BEGIN Information given

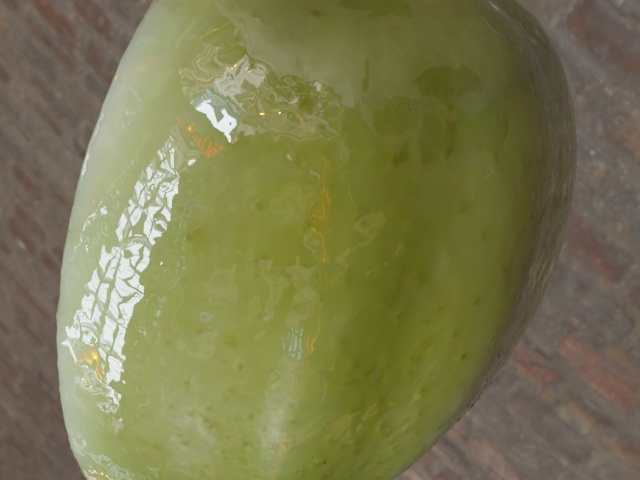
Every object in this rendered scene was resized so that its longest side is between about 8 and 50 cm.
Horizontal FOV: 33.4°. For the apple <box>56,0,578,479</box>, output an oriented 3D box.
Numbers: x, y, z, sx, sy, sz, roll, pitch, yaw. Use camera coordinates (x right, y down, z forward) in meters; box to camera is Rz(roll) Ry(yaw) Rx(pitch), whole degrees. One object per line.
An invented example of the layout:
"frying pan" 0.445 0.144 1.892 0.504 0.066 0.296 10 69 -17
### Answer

END Information given

> **What you need to do**: Please state how many lines in the material above include the word "object". Nothing but the number is wanted.

> **Answer to the problem**: 2